Pope Makes First-Ever Visit to the Venice Biennale

"The world needs artists," the Pope declared, drawing attention to the contributions of women like Frida Kahlo and Louise Bourgeois.

Pope Francis greets an artist of the Venice Art Biennale in the Church of La Maddalena in the Giudecca's women's prison facility on April 28, 2024 in Venice, Italy. Photo: Vatican Media via Vatican Pool/Getty Images.

Pope Francis became the first pontiff to visit the Venice Biennale after a planned visit to the Vatican’s Holy See pavilion at the 60th Venice Biennale on Sunday, April 28. The 87-year-old leader of the Catholic Church arrived by helicopter for a tour of the exhibition “With My Eyes,” which features works by artists like Maurizio Cattelan, Simone Fattal, and Corita Kent, and is installed throughout a women’s prison on Venice’s Giudecca Island.

The pope stressed the power of art to address societal ills, adding “the world needs artists.” Responding to the location, he spoke specifically of the important contributions of women artists like Frida Kahlo and Louise Bourgeois. “I hope with all my heart that contemporary art can open our eyes, helping us to value adequately the contribution of women, as co-protagonists of the human adventure,” he said.

The photo shows a group of people, including Pope Francis in a wheel chair, inside a room with a wall of pictures. The setting is an art exhibition at Giudecca women's prison, displayed as part of the Vatican's Venice Biennale presentation.

Pope Francis views the Vatican Pavilion installation at the Venice Art Biennale in the Giudecca’s women’s prison facility on April 28, 2024 in Venice, Italy.
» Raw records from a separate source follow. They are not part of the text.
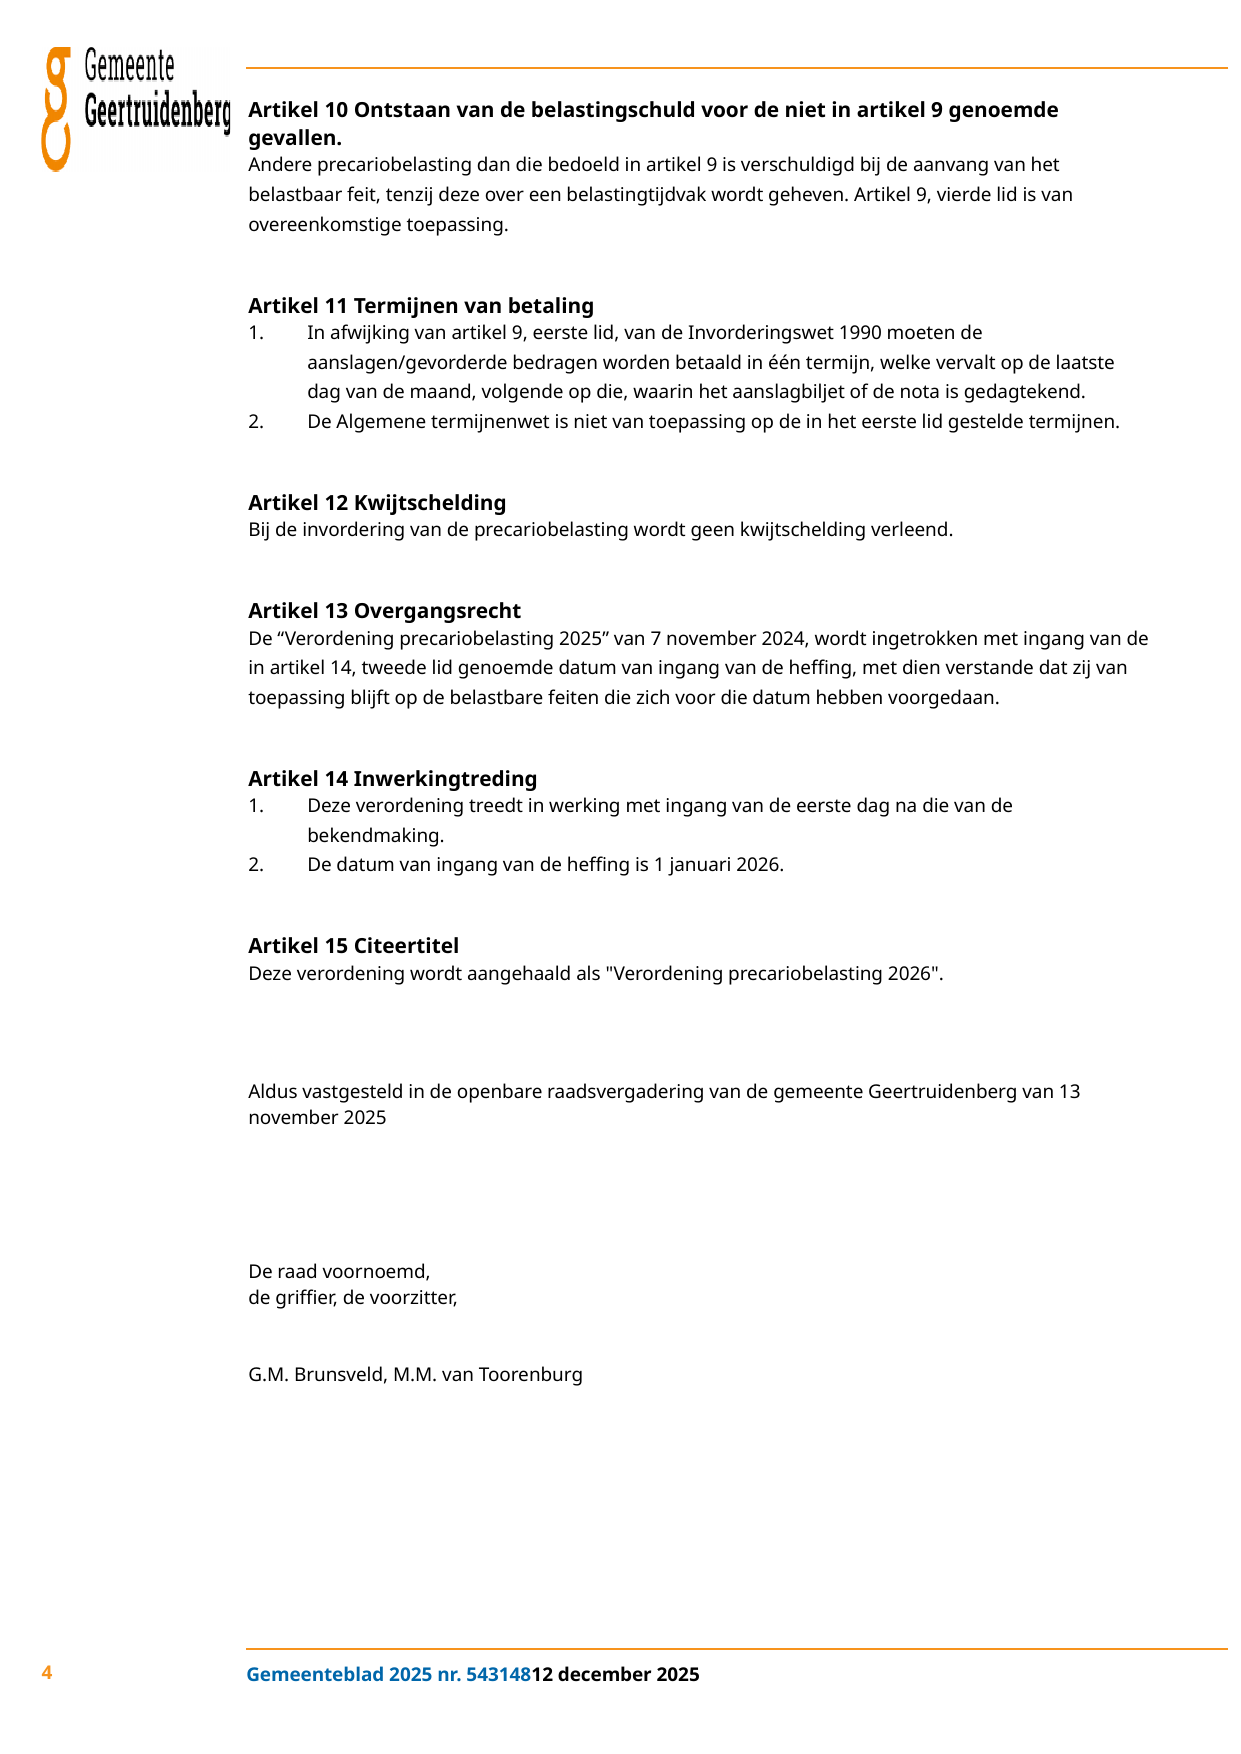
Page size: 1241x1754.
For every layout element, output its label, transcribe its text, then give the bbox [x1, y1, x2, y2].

list De datum van ingang van de heffing is 1 januari 2026. [248, 852, 1152, 877]
text Artikel 11 Termijnen van betaling [248, 291, 1152, 319]
text Bij de invordering van de precariobelasting wordt geen kwijtschelding verleend. [248, 516, 1152, 542]
text Artikel 13 Overgangsrecht [248, 596, 1152, 625]
picture [41, 47, 231, 172]
text Andere precariobelasting dan die bedoeld in artikel 9 is verschuldigd bij de aanvang van het belastbaar feit, tenzij deze over een belastingtijdvak wordt geheven. Artikel 9, vierde lid is van overeenkomstige toepassing. [248, 152, 1152, 237]
text Artikel 15 Citeertitel [248, 932, 1152, 960]
text Aldus vastgesteld in de openbare raadsvergadering van de gemeente Geertruidenberg van 13 november 2025 [248, 1078, 1152, 1130]
text De raad voornoemd, [248, 1258, 1152, 1284]
list In afwijking van artikel 9, eerste lid, van de Invorderingswet 1990 moeten de aanslagen/gevorderde bedragen worden betaald in één termijn, welke vervalt op de laatste dag van de maand, volgende op die, waarin het aanslagbiljet of de nota is gedagtekend. [248, 319, 1152, 404]
text Artikel 10 Ontstaan van de belastingschuld voor de niet in artikel 9 genoemde gevallen. [248, 95, 1152, 152]
text de griffier, de voorzitter, [248, 1284, 1152, 1310]
list De Algemene termijnenwet is niet van toepassing op de in het eerste lid gestelde termijnen. [248, 408, 1152, 434]
text Deze verordening wordt aangehaald als "Verordening precariobelasting 2026". [248, 960, 1152, 986]
text De “Verordening precariobelasting 2025” van 7 november 2024, wordt ingetrokken met ingang van de in artikel 14, tweede lid genoemde datum van ingang van de heffing, met dien verstande dat zij van toepassing blijft op de belastbare feiten die zich voor die datum hebben voorgedaan. [248, 625, 1152, 710]
text G.M. Brunsveld, M.M. van Toorenburg [248, 1361, 1152, 1387]
text Artikel 12 Kwijtschelding [248, 488, 1152, 516]
list Deze verordening treedt in werking met ingang van de eerste dag na die van de bekendmaking. [248, 792, 1152, 848]
text Artikel 14 Inwerkingtreding [248, 764, 1152, 792]

Photo: Vatican Media via Vatican Pool/Getty Images.

The pope also met with the penitentiary’s roughly 80 female prisoners, offering them some words of motivation. “Prison is a harsh reality, and problems such as overcrowding, the lack of facilities and resources, and episodes of violence, give rise to a great deal of suffering there,” he said. “But it can also become a place of moral and material rebirth.”

To that end, he encouraged the inmates to take the opportunity to rebuild their lives “brick upon brick, together, with determination” and noted that everyone, including himself, has made mistakes for which they must seek forgiveness. He praised their participation in the art exhibition as an example of how “paradoxically, a stay in prison can mark the beginning of something new, through the rediscovery of the unsuspected beauty in us and in others.”
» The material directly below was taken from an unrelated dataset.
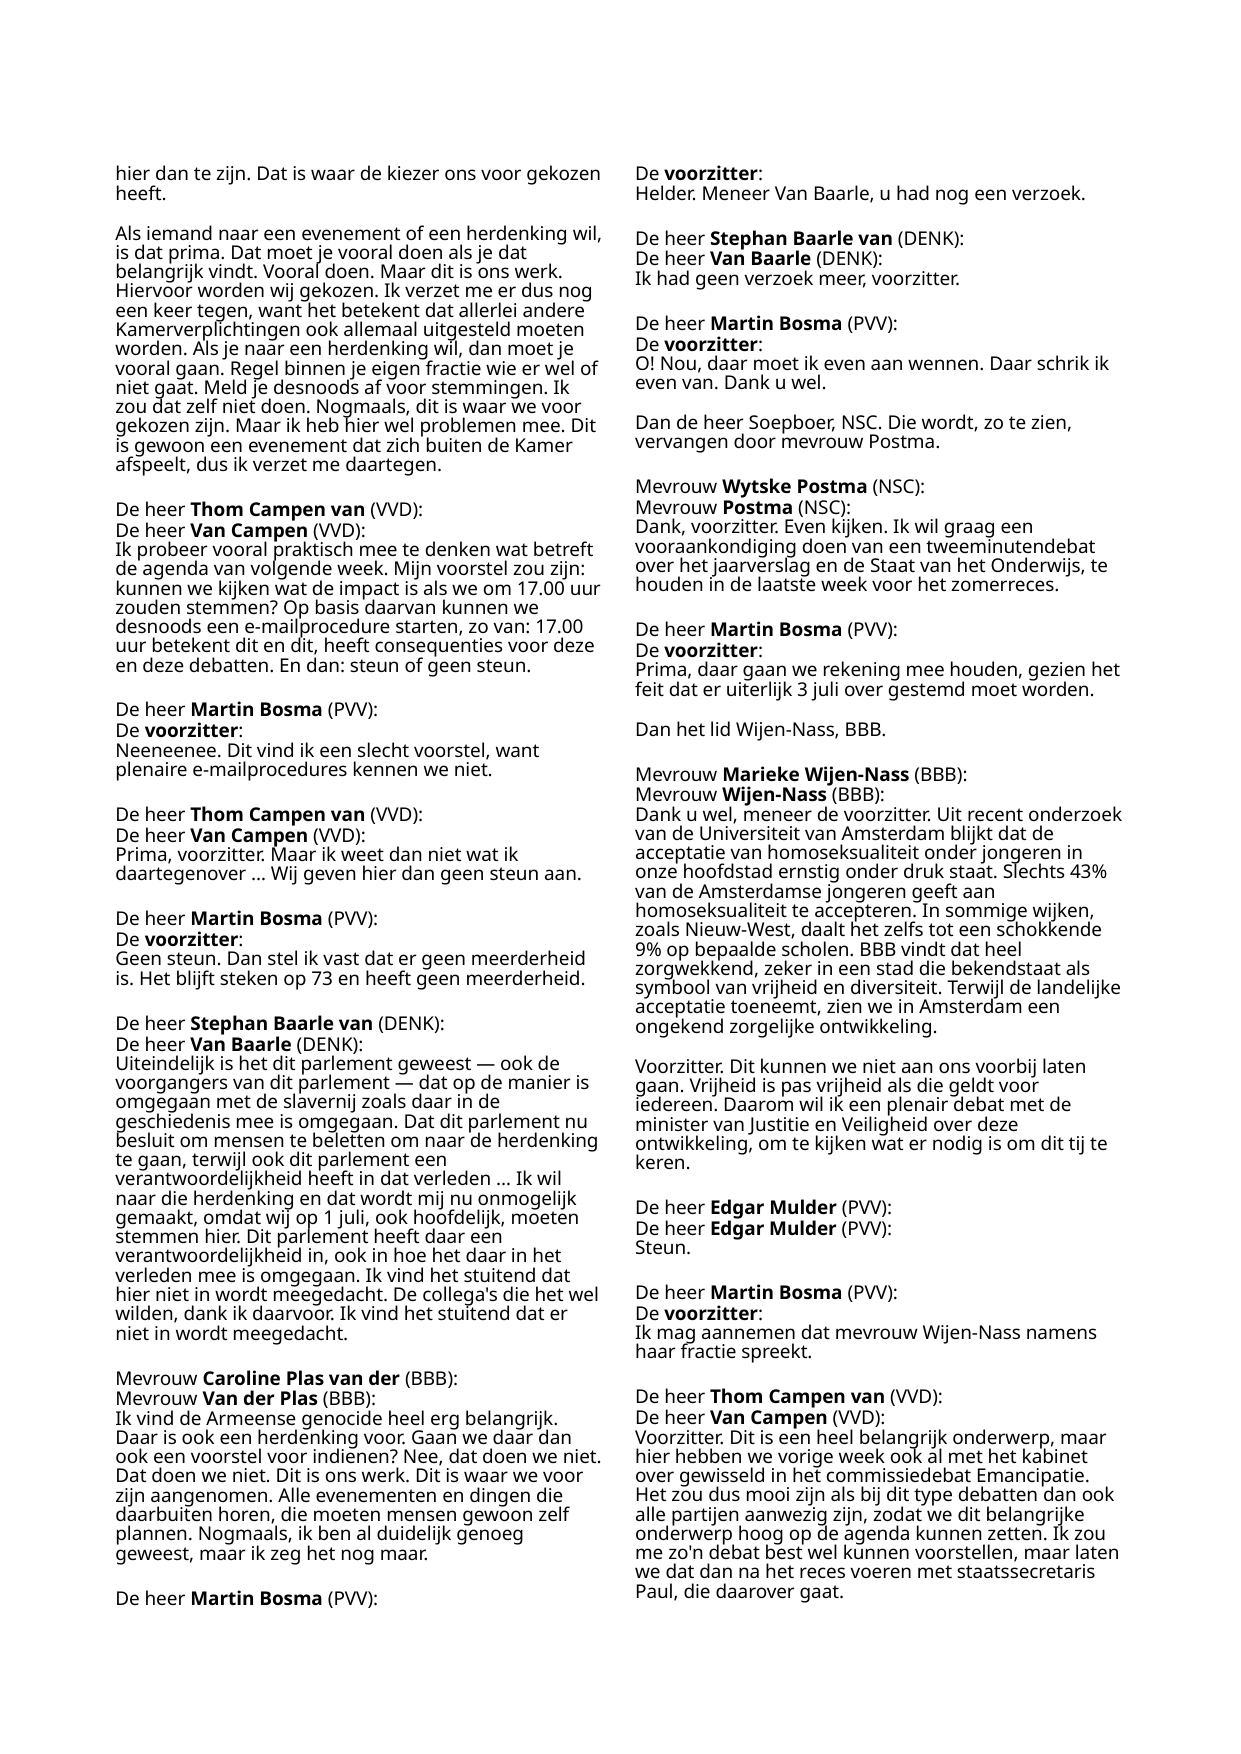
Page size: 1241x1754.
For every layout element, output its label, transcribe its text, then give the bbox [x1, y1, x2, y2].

The image shows a group of women sitting on a bench speaking to Pope Francis at the Giudecca Women's Prison in Venice, Italy on April 28, 2024. A crowd stands in the background, and to the right a line of police officers or prison guards.

Pope Francis’s first stop on his Sunday pastoral visit to Venice takes him to the Giudecca Women’s Prison, where he told inmates that he very much wanted to meet them right at the start of his visit to tell them they hold a special place in his heart. Photo: Vatican Media via Vatican Pool/Getty Images.

It was widely remarked on by the press that he appeared engaged and energetic despite recent bouts of ill health, including the bronchitis that forced him to cancel a trip to Dubai in December.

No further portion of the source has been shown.